Arrays

1. Definition
2. Search algorithms for arrays
3. Sorting algorithms for arrays

• Data structures are concepts, they are not related to programming languages :
  • What programming languages do is using data structures for implementing the primitives they provide.
  • For instance, the Array class in javascript is not an array data structure per se.
• Array data structure properties :
  • Physically speaking, an array if a finite number of contiguous bytes in the computer's memory.
  • Logically speaking, an array is a finite number of elements of a given size that are stored in a "physical" array.
  • Once initialized, it can't be resized (it will always store the same number of elements).
  • As a result, both "inserting" an "deleting" an element effectively results in overwriting another element.

// this function (return x elements from the array beginning at index i) has a time complexity of O(1)
(x, i) => this.memory.subarray(this.ARRAY_START_OFFSET + i * this.BYTES_PER_ELEMENT, this.ARRAY_START_OFFSET + (i + x) * this.BYTES_PER_ELEMENT);

Note : Actual arrays do not even have the .length property available: it has to be specified at initialization depending on the space allocated and the element size in order to be available at a later stage.

• Search by iterating over all the elements of an array to find a search value.
• Time complexity: O(n).
• Use cases :
  1. Return whether the search value is present in an array.
  2. Return the first index in which the search value is found in an array.

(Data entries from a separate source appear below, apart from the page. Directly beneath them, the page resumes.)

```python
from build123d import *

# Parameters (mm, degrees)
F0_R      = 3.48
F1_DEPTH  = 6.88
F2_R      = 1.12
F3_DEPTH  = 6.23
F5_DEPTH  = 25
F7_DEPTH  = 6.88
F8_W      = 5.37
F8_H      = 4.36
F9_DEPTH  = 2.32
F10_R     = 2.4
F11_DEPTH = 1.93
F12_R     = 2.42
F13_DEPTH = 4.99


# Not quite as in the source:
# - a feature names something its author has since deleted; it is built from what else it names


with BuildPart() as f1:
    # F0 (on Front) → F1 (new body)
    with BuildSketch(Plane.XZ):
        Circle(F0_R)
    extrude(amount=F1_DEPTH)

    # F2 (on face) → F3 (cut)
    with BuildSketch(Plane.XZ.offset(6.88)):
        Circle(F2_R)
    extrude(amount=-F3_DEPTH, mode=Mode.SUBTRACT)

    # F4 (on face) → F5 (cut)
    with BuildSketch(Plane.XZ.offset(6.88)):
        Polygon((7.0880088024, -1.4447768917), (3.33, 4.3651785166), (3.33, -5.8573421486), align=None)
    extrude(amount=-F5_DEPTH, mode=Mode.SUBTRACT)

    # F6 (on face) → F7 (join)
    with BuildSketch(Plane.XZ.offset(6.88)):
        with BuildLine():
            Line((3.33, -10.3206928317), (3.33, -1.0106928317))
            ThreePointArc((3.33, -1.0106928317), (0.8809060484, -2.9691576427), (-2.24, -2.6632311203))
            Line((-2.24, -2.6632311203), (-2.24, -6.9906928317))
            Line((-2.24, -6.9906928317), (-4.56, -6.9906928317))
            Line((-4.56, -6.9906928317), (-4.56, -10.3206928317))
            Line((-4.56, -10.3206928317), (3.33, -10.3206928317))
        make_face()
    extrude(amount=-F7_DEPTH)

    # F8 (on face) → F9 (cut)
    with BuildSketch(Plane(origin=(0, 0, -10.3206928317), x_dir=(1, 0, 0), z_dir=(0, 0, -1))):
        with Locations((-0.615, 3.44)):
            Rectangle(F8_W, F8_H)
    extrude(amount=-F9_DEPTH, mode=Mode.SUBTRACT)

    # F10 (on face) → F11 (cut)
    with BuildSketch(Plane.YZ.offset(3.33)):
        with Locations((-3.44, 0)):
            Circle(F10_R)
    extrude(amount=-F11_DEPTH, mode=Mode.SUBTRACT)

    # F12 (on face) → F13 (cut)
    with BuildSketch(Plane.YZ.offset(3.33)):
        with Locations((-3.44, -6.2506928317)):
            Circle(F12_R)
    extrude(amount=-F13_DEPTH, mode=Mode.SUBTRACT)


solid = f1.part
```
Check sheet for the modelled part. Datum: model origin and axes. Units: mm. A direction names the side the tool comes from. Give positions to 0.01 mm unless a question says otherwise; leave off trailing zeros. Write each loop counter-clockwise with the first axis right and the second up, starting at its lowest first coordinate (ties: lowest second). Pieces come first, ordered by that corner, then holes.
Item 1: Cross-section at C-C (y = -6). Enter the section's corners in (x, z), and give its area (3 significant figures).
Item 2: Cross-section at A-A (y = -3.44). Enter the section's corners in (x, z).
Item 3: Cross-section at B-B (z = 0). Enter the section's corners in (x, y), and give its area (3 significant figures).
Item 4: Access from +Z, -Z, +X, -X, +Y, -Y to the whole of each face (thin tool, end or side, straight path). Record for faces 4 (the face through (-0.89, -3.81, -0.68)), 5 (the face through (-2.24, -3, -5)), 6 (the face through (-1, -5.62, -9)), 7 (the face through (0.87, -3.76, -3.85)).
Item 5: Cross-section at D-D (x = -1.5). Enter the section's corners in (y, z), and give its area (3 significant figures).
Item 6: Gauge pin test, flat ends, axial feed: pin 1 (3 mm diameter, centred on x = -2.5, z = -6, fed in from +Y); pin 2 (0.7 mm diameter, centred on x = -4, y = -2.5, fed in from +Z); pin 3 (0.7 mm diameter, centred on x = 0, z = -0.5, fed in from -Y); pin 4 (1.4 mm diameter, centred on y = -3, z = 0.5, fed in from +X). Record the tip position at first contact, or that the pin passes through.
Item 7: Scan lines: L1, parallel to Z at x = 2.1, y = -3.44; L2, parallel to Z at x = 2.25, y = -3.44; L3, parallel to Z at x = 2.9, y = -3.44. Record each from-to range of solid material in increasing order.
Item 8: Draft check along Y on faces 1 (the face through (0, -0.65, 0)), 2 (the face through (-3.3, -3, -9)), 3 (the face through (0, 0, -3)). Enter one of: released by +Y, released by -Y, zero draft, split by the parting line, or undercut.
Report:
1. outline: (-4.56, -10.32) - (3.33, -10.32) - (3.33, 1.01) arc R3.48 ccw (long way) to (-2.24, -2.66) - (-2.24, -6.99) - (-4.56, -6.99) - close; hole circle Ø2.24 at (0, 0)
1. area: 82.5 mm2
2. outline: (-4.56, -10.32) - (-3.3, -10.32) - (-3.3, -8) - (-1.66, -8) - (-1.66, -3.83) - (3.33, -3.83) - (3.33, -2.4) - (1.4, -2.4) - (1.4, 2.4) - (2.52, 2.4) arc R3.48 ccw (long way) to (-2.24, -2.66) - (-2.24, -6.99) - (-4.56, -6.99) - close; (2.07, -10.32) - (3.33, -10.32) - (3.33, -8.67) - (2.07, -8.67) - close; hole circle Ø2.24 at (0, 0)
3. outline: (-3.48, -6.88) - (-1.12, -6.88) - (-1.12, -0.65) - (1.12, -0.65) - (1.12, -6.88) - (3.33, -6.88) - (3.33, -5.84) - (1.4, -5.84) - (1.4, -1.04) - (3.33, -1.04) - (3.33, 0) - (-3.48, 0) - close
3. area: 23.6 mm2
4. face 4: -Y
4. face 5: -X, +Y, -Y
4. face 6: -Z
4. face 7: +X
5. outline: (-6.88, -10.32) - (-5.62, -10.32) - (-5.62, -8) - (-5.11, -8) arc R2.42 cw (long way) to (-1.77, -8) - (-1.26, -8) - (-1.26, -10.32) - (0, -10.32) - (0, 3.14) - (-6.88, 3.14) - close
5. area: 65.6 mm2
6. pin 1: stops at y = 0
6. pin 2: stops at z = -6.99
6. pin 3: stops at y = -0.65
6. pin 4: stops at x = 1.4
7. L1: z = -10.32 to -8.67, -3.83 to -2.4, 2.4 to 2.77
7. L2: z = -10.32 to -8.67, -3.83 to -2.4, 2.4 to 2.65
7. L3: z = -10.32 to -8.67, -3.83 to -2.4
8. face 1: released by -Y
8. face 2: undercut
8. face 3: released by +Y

• Only works on sorted arrays.
• Search by comparing search value x to the value y = array[Math.floor(array.length / 2)] :
  • If x === y : value is found.
  • If x < y : repeat the search on the first half of the array (excluding y).
  • If x > y : repeat the search on the second half of the array (excluding y).
• Repeat the search until the value is found or the array length becomes 0.
• Time complexity: O(log n) :
  • For instance, the compare / half operation will have to be successively performed 12 times for an array with 4096 elements Log2(4096) = 12.
• Use cases :
  1. Return whether the search value is present in the array.

• Only works on sorted arrays.
• Search by defining an increment of i = sqrt(array.length) :
  • Iterate over array elements at indexes separated by i until the search value is found at index j.
  • Then, perform a linear search from index j - i until the search value is found at index k with k > j - i && k <= j.
• Time complexity: O(sqrt(n)).
• Use cases :
  1. Return the first index where the search value is found (outperforms the linear search's O(n) complexity).

Notes :

• The point of using sqrt(array.length) instead of n-root(array.length) is because the increment decreases as the root factor increases.
• The above will eventually lead to increments of 1 (linear search).

Reminder : an array is sorted if each of its elements verifies a[x] <= a[x + 1].

• Sort by iterating over pairs of array elements and swapping the elements in a pair if the pair itself is not sorted:
  • if (a[x] > a[x + 1]) {y = a[x]; a[x] = a[x + 1]; a[x + 1] = y;}.
  • After a single iteration, the largest value will always be at the last index of the array.
  • As a result, only a.slice(0, a.length - 1) is unsorted at this stage.
  • Repeat successive iterations on the unsorted part of the array until the length of the unsorted part is 1.
• Time complexity: O(n²).
• Use cases :
  1. Sort an array.